Five of the total seven appeals in the matter were registered by the Supreme Court in May. All seven cases have been tagged together, and a two-judge bench comprising Justice K.M. Joseph and Justice B.V. Nagarathna will take up the matter.

Legal experts said there is a separate provision in the SCRA to deal with violations of listing agreements. “SAT has held that failure to comply with ‘listing conditions’ is different from failure to comply with ‘conditions of listing agreement’. From this perspective, the violation of ‘conditions of listing agreement’ does not attract Section 23E of [the] SCRA," said Lalit Kumar, partner, J Sagar Associates.

“Failure to comply with ‘conditions of listing agreement’ is covered under Section 23(2) of [the] SCRA and failure to comply with ‘listing conditions’ under Section 23E. Therefore, on strict interpretation ‘conditions of listing agreement’ and ‘listing conditions’ are different; otherwise, there was no need to have two separate penalty provisions under [the] SCRA for the same offence," he added.

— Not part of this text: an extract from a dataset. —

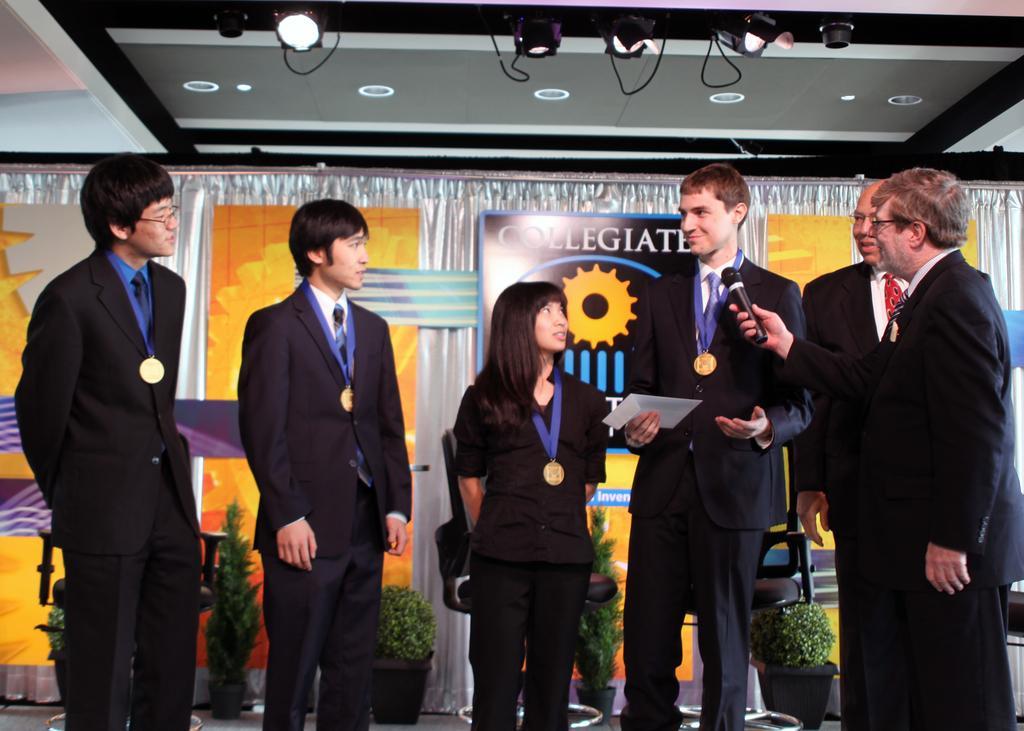How would you summarize this image in a sentence or two? In the image we can see there are people standing and they are wearing formal suit. There are 4 people wearing medals in their neck. Behind there are curtains and there are banners on the curtain. There are plants kept on the pot. 
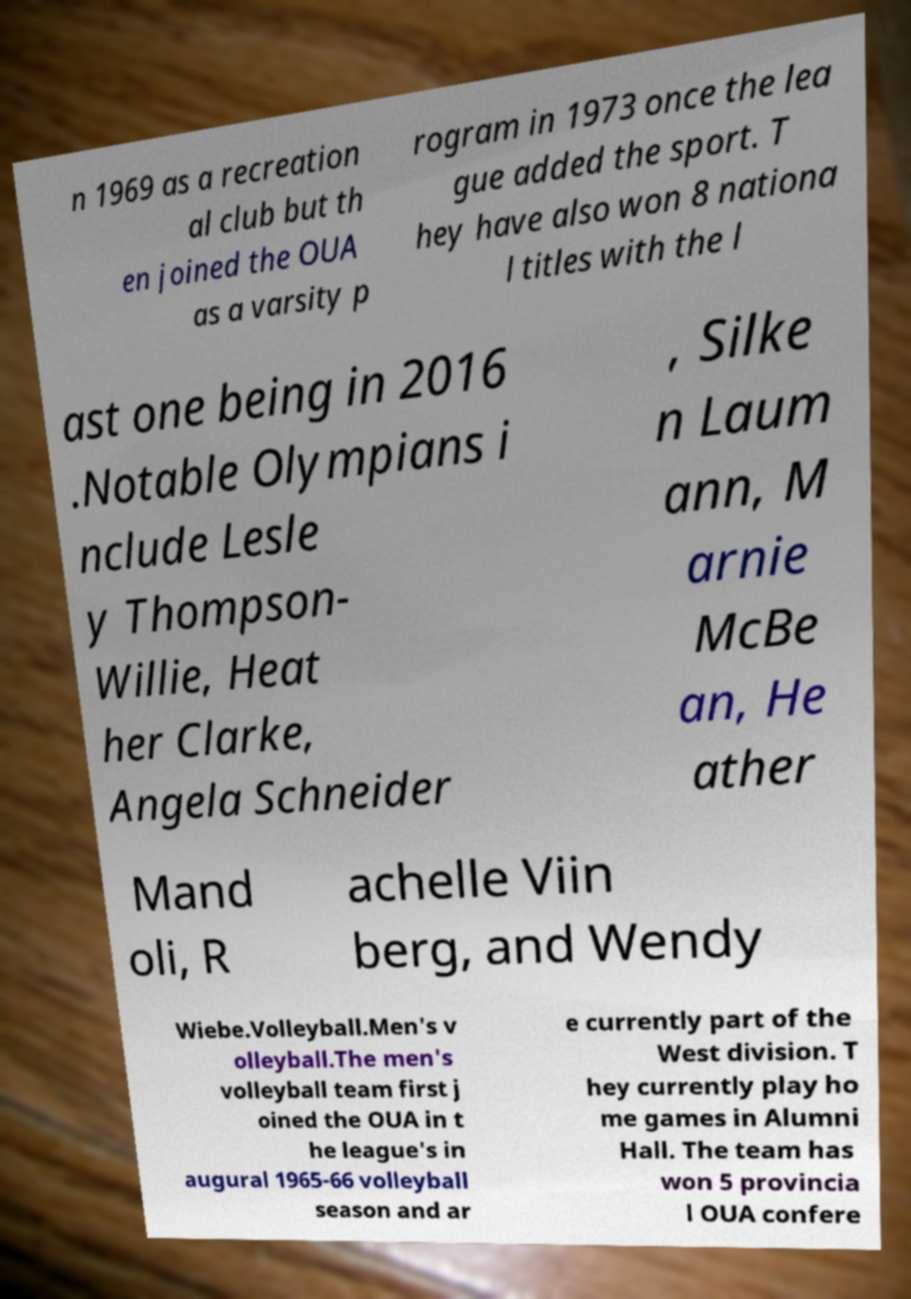Could you extract and type out the text from this image? n 1969 as a recreation al club but th en joined the OUA as a varsity p rogram in 1973 once the lea gue added the sport. T hey have also won 8 nationa l titles with the l ast one being in 2016 .Notable Olympians i nclude Lesle y Thompson- Willie, Heat her Clarke, Angela Schneider , Silke n Laum ann, M arnie McBe an, He ather Mand oli, R achelle Viin berg, and Wendy Wiebe.Volleyball.Men's v olleyball.The men's volleyball team first j oined the OUA in t he league's in augural 1965-66 volleyball season and ar e currently part of the West division. T hey currently play ho me games in Alumni Hall. The team has won 5 provincia l OUA confere

The issue first surfaced in the order Sebi passed against Suzlon Energy Ltd for delayed disclosures in 2021. Apart from other sections, Sebi also included Section 23(E) of the SCRA and imposed a penalty of 1 crore for violation of the provision.

During the appeal, SAT observed the interpretation being taken by Sebi about listing conditions was patently erroneous. While SAT upheld that Suzlon violated the rules, it dismissed the 1 crore fine imposed due to Section 23(E). In 2022, Sebi appealed the case in the Supreme Court, and the verdict is still pending.

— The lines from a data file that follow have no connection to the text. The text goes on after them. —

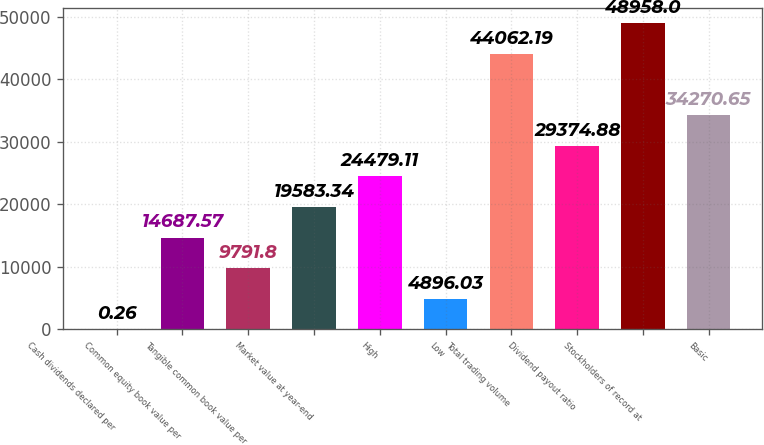Convert chart to OTSL. <chart><loc_0><loc_0><loc_500><loc_500><bar_chart><fcel>Cash dividends declared per<fcel>Common equity book value per<fcel>Tangible common book value per<fcel>Market value at year-end<fcel>High<fcel>Low<fcel>Total trading volume<fcel>Dividend payout ratio<fcel>Stockholders of record at<fcel>Basic<nl><fcel>0.26<fcel>14687.6<fcel>9791.8<fcel>19583.3<fcel>24479.1<fcel>4896.03<fcel>44062.2<fcel>29374.9<fcel>48958<fcel>34270.7<nl></chart> 
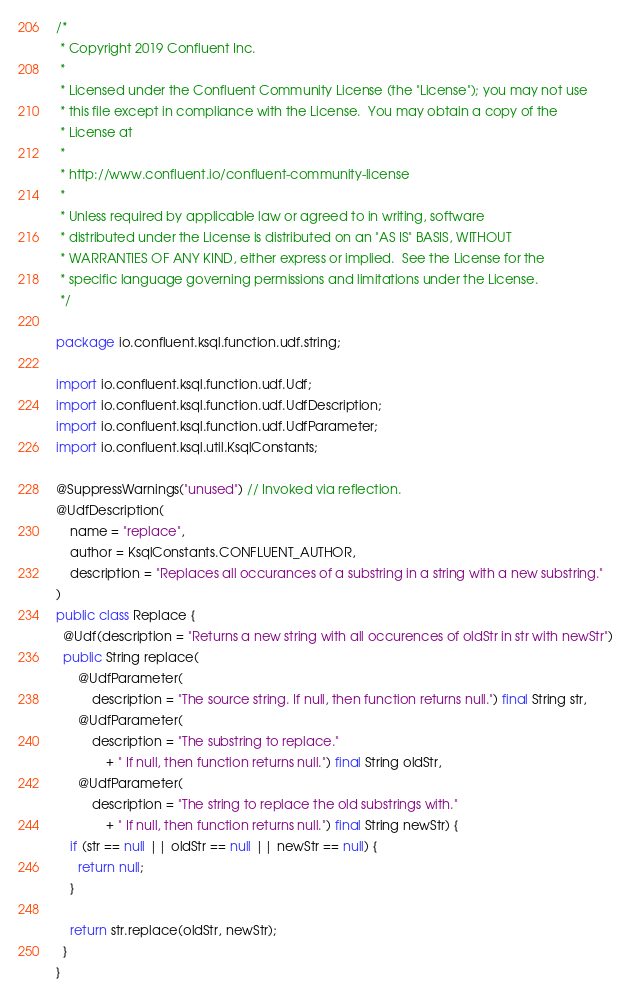Convert code to text. <code><loc_0><loc_0><loc_500><loc_500><_Java_>/*
 * Copyright 2019 Confluent Inc.
 *
 * Licensed under the Confluent Community License (the "License"); you may not use
 * this file except in compliance with the License.  You may obtain a copy of the
 * License at
 *
 * http://www.confluent.io/confluent-community-license
 *
 * Unless required by applicable law or agreed to in writing, software
 * distributed under the License is distributed on an "AS IS" BASIS, WITHOUT
 * WARRANTIES OF ANY KIND, either express or implied.  See the License for the
 * specific language governing permissions and limitations under the License.
 */

package io.confluent.ksql.function.udf.string;

import io.confluent.ksql.function.udf.Udf;
import io.confluent.ksql.function.udf.UdfDescription;
import io.confluent.ksql.function.udf.UdfParameter;
import io.confluent.ksql.util.KsqlConstants;

@SuppressWarnings("unused") // Invoked via reflection.
@UdfDescription(
    name = "replace",
    author = KsqlConstants.CONFLUENT_AUTHOR,
    description = "Replaces all occurances of a substring in a string with a new substring."
)
public class Replace {
  @Udf(description = "Returns a new string with all occurences of oldStr in str with newStr")
  public String replace(
      @UdfParameter(
          description = "The source string. If null, then function returns null.") final String str,
      @UdfParameter(
          description = "The substring to replace."
              + " If null, then function returns null.") final String oldStr,
      @UdfParameter(
          description = "The string to replace the old substrings with."
              + " If null, then function returns null.") final String newStr) {
    if (str == null || oldStr == null || newStr == null) {
      return null;
    }

    return str.replace(oldStr, newStr);
  }
}
</code> 
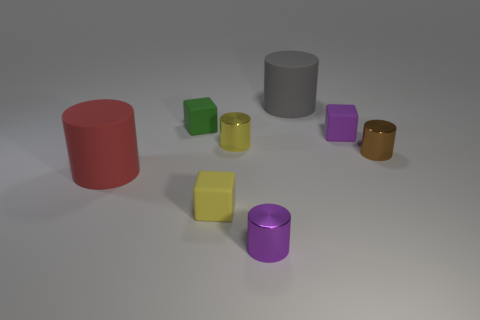What shape is the yellow object that is in front of the yellow metal object?
Provide a succinct answer. Cube. How many yellow things have the same shape as the purple metallic object?
Provide a short and direct response. 1. Are there an equal number of gray matte cylinders that are in front of the tiny green rubber thing and small yellow rubber objects behind the yellow matte block?
Provide a succinct answer. Yes. Are there any tiny green cubes that have the same material as the red thing?
Keep it short and to the point. Yes. Is the green cube made of the same material as the brown cylinder?
Give a very brief answer. No. How many red things are metallic things or rubber things?
Make the answer very short. 1. Are there more tiny shiny cylinders in front of the purple shiny thing than tiny yellow shiny cylinders?
Give a very brief answer. No. The brown cylinder has what size?
Provide a short and direct response. Small. How many things are either rubber cylinders or cubes behind the yellow cylinder?
Your response must be concise. 4. There is a matte cylinder that is in front of the block that is behind the purple rubber thing; how many cubes are behind it?
Your answer should be very brief. 2.

In the meanwhile, Sebi used Section 23(E) in at least half a dozen other cases involving listing-agreement violations including in cases of Man Industries (India) Ltd, IFGL Refractories Ltd, and Winsome Yarns Ltd. SAT was also irked that Sebi was continuing to use Section 23(E) despite its ruling in the Suzlon matter, which was supposed to act as a precedent. However, Sebi defended its position saying the Supreme Court has not yet upheld the SAT order.

“Non-compliance of orders of the Tribunal has resulted in undue harassment to the litigant...(it) is a clear case of disrespect to the orders of this Tribunal in utter defiance. The principle of judicial discipline requires that the order of the Tribunal should be followed unreservedly by the AO (adjudicating officer)," SAT said in the IFGL Refractories case judgement dated 6 January. “We also find that the respondents (Sebi) are repeatedly issuing such directions in other matters, knowing fully well that the decision in Suzlon’s case has not been set aside, but they continued to impose penalties."

Legal experts said listing conditions typically mean the conditions imposed on the company while it signs up for listing its shares. It may include conditions such as minimum public shareholding norms. On the other hand, the listing agreement is signed by the company after it lists. The listing agreement specifies the disclosure requirements, and any breach of these requirements is construed as a listing-agreement violation.

“Most of the cases involving listing-agreement violations involve disclosure lapses, and the specific section for such violations stipulates a maximum penalty of 1 crore, but 23(E) penalties can go up to 25 core. Hence, it can lead to situations where the penalty levied by Sebi is excessive," said a lawyer dealing with one of the cases. “Penalties must also be proportional to the scale and nature of violations."